Erjon Dragoj

Personal information
- Date of birth: 6 September 1999 (age 25)
- Place of birth: Pogradec, Albania
- Height: 1.80 m (5 ft 11 in)
- Position(s): Forward

Team information
- Current team: Lushnja
- Number: 70

Youth career
- 2011–2018: Pogradeci
- 2018–2019: Laçi

Senior career*
- Years: Team / Apps / (Gls)
- 2016–2018: Pogradeci / 2 / (0)
- 2018–2019: Laçi / 1 / (0)
- 2019–2021: Pogradeci / 40 / (8)
- 2021–2024: Korabi / 70 / (6)
- 2024–: Lushnja / 17 / (0)

= Erjon Dragoj =

Albanian footballer

Erjon Dragoj (born 6 September 1999) is an Albanian professional footballer who plays as a forward for Lushnja.

==Club career==
He participated for the first time with the first team of Pogradeci under coach Gentian Stojku on 5 December 2015 in a 2015–16 Albanian First Division match against Dinamo Tirana where he was on the bench for the entire game. His next game would come later the next season on 28 September 2016 against the same opponent Dinamo Tirana in a match valid for the 2016–17 Albanian Cup where Dragoj made his debut coming on as a substitute in the 63rd minute for Eldjon Topllari in a 2–1 loss.
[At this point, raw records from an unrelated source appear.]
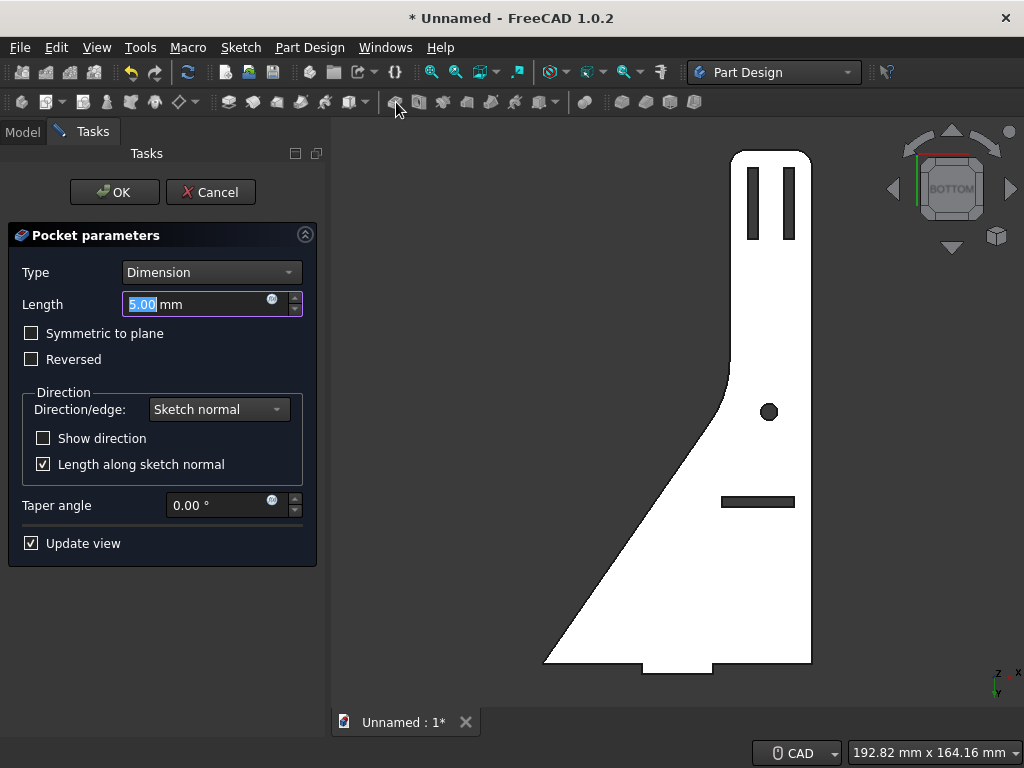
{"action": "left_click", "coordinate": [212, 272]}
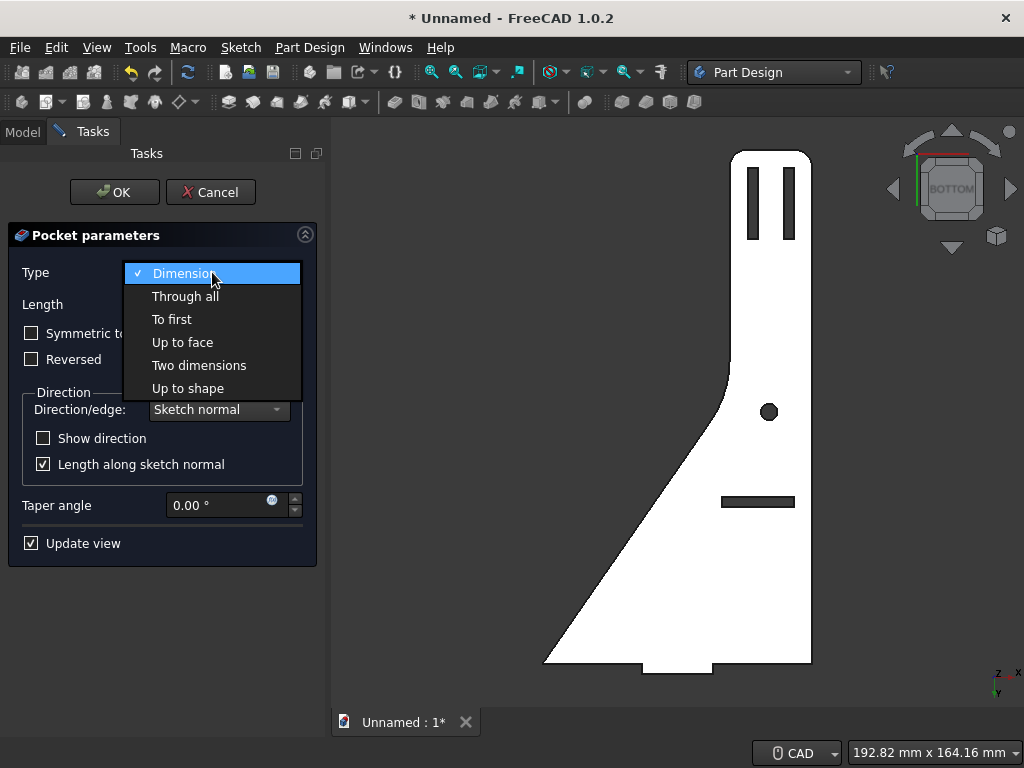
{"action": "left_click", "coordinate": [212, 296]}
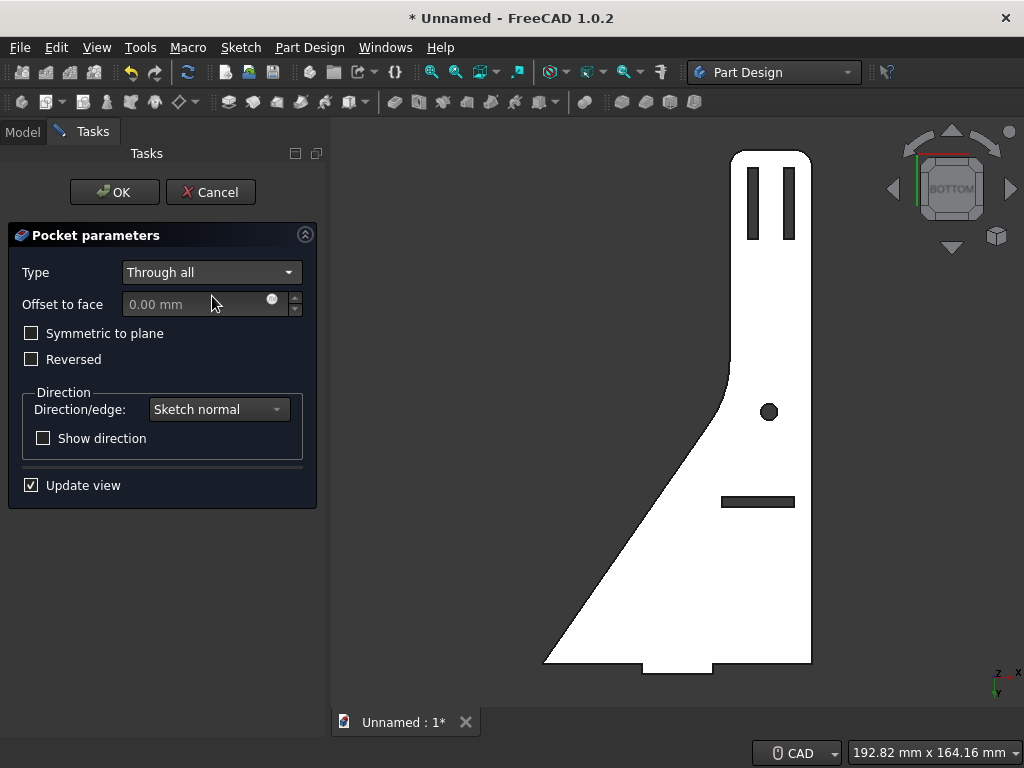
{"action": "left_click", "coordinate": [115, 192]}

His third game for Pogradeci came later in the following season on 27 September 2017 against Shkumbini Peqin in a match valid for the 2017–18 Albanian Cup where Dragoj played the full 90-minutes match and managed to score his first professional goal in the last minute to give his side the 1–1 draw in the deadly end which however was not enough as Shkumbini Peqini qualified on aggregate 3–1 after winning the first leg 2–0.
Erjon Dragoj was transferred from Pogradeci first division in Albania to Laci in Superliga at January 2018 and stay at this club until January 2019. He debut in Superliga in 25/11/2018 Laci-Kastrioti 2–1. He played for the first time with team Laci in official match at 12/09/2018 in national cup Naftetari-Laci 0–5.

==International career==
He received his first call up for the Albania under-20 side by coach of the under-21 team Alban Bushi for the double friendly match against Azerbaijan U-21 on 21 & 26 January 2018.